Since the collector thread can work with the user thread during the longest concurrent markup and concurrent cleanup, the CMS collector’s memory reclamation process is generally executed concurrently with the user thread. Old collector (New generation using ParNew)
Advantages: Concurrent collection, low pauses Disadvantages: large amount of space debris, concurrent phase can reduce throughput
Parameter control:
– XX – XX: + UseConcMarkSweepGC use CMS collector: + UseCMSCompactAtFullCollection Full GC, after a defragmentation; Finishing process is exclusive, causes the pause time – XX: + CMSFullGCsBeforeCompaction set for a few times after Full GC, -XX:ParallelCMSThreads sets the number of threads in your CMS (usually approximately equal to the number of available cpus)
G1 collector
G1 is one of the latest developments in technology and the HotSpot development team has assigned it the mission of replacing the CMS collector released in JDK1.5 in the future. Compared to the CMS collector, the G1 collector has the following features:
- Space consolidation, G1 collector uses the tag collation algorithm, does not generate memory space fragmentation. Allocating large objects does not trigger the next GC prematurely because contiguous space cannot be found.

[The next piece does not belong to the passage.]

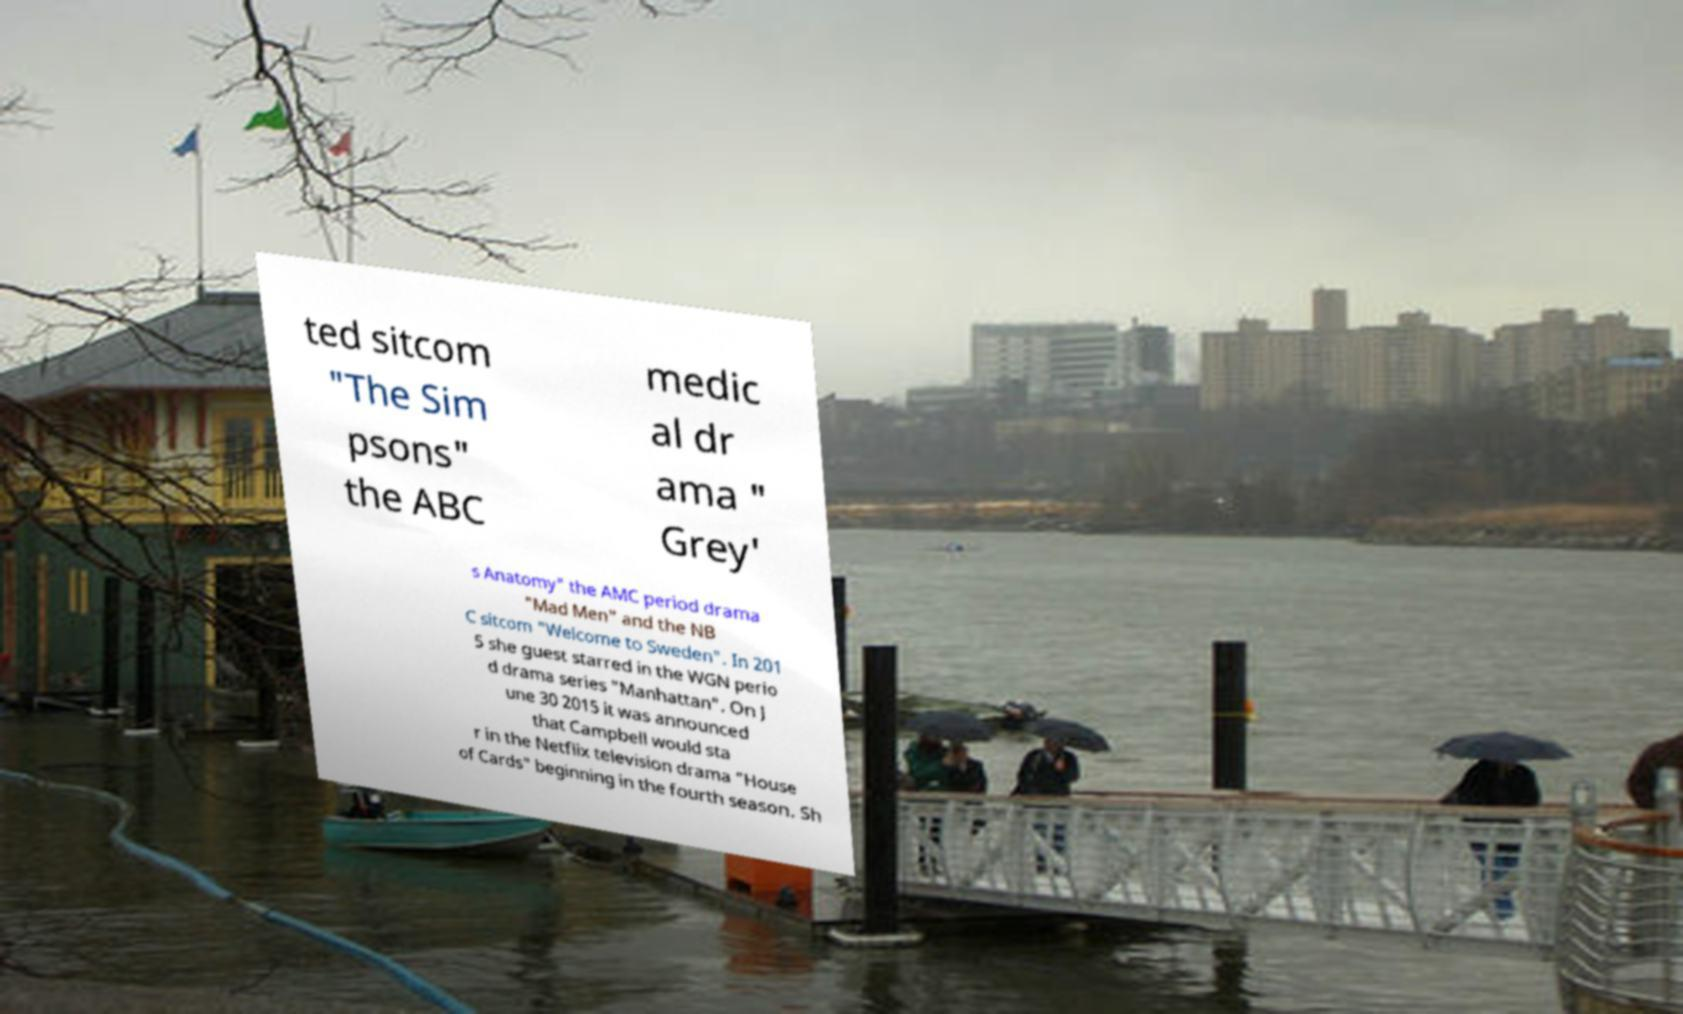There's text embedded in this image that I need extracted. Can you transcribe it verbatim? ted sitcom "The Sim psons" the ABC medic al dr ama " Grey' s Anatomy" the AMC period drama "Mad Men" and the NB C sitcom "Welcome to Sweden". In 201 5 she guest starred in the WGN perio d drama series "Manhattan". On J une 30 2015 it was announced that Campbell would sta r in the Netflix television drama "House of Cards" beginning in the fourth season. Sh

- Predictable pauses, this is another big advantage of G1, reduce the pause time is the common concern of G1 and CMS, but G1 in addition to the pursuit of low pause, also can establish predictable pauses model, can let the user specify in a length of N segment within milliseconds, time on garbage collection may not consume more than N milliseconds, This is almost already a feature of the real-time Java (RTSJ) garbage collector.
The garbage collector mentioned above collects the entire Cenozoic or old generation, which is no longer the case with G1. When using the G1 collector, the memory layout of the Java heap is very different from that of the other collectors. It divides the entire Java heap into independent regions of equal size. While the concept of new generation and old generation is retained, the new generation and old generation are no longer physically separated. They are all collections of partial (possibly discontinuous) regions.

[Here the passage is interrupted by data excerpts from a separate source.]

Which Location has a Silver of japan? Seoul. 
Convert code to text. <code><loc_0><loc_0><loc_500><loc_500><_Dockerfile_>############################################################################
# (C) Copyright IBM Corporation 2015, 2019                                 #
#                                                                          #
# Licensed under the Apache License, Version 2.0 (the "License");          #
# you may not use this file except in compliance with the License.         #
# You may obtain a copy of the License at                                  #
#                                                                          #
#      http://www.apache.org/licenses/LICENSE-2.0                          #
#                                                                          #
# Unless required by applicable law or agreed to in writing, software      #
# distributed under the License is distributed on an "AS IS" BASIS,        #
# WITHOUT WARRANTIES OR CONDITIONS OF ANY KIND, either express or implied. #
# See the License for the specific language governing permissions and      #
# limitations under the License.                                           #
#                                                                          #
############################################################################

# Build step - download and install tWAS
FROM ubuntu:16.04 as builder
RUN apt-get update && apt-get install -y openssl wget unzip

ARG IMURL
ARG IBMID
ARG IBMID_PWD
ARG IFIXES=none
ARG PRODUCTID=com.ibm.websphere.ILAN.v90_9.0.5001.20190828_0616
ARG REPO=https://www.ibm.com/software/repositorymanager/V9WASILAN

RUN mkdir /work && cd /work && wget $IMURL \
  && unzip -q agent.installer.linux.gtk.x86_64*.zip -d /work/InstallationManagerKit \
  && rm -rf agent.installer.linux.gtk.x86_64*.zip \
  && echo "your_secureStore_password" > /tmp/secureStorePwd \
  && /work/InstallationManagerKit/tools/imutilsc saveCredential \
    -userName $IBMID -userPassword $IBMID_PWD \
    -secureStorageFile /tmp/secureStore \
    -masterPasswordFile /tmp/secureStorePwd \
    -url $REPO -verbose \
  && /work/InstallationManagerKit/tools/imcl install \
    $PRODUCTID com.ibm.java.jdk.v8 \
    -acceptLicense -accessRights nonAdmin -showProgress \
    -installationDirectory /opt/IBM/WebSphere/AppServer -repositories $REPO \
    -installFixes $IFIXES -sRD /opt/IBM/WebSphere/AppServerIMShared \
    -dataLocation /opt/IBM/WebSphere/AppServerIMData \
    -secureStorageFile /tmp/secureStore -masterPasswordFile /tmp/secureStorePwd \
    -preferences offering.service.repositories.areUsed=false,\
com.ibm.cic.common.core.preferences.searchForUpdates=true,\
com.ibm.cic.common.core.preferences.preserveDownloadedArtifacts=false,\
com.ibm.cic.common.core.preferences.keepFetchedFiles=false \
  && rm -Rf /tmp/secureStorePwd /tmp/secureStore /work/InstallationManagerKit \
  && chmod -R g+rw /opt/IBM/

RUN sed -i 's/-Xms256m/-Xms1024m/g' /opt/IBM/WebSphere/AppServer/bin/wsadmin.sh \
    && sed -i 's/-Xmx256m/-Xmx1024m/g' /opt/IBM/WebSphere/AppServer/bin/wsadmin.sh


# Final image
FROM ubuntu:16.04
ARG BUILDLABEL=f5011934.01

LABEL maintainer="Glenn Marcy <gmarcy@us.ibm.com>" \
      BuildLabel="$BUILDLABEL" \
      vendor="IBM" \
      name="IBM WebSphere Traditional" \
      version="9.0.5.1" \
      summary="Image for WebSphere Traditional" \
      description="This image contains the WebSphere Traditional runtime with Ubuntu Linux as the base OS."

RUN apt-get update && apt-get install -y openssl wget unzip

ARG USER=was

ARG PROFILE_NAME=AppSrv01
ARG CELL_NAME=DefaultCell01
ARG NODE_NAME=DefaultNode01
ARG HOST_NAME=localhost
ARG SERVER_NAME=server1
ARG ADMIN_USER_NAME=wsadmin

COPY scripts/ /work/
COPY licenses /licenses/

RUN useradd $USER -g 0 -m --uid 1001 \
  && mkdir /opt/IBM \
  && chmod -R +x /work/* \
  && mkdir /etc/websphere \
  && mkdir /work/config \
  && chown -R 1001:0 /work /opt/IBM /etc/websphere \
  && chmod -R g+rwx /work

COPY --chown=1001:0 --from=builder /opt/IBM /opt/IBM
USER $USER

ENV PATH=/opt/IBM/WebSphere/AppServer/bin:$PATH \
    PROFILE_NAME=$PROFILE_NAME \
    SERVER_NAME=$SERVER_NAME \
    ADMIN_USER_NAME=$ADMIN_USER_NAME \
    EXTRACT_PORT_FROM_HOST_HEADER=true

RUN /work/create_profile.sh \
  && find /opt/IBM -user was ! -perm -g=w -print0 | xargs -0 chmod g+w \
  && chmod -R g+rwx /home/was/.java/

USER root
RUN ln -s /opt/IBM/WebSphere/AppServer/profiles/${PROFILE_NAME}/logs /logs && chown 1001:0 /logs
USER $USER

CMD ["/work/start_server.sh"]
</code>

G1’s Cenozoic collection is similar to ParNew’s. When the Cenozoic occupation reaches a certain proportion, the collection starts. Like CMS, the G1 collector pauses briefly to collect old objects.
Collection steps:
-
The marking phase, initial-mark, stops the World Event and fires a normal Mintor GC. Corresponding GC log:GC pause (young) (Inital -mark)
-
Root Region Scanning. During program running, survivor Region (stored in a lifetime) will be reclaimed, which must be completed before the Young GC.
-
Concurrent Marking, the Concurrent Marking (and application execution) of the entire heap, may be interrupted by the Young GC. During the concurrent marking phase, if all objects in a region object are found to be garbage, the region is immediately reclaimed (X in figure). At the same time, the object activity (the percentage of living objects in the region) of each region is calculated during concurrent tagging.
-
Remark, then mark, there will be a short pause (STW). The re-mark phase is used to collect the concurrent mark phase and generate new garbage (the concurrent phase runs with the application); G1 uses a faster initial snapshot algorithm than CMS :snapshot-at-the-beginning (SATB).
-
Copy/Clean up, multithreading Clean up deactivated objects, STW. G1 copies the live objects of the reclaimed region to the new region, clears the Remember Sets, and simultaneously clears the reclaimed region and returns it to the free region linked list.
-
After the copy/clean process. The active objects in the recovery area have been concentrated in the dark blue and dark green areas.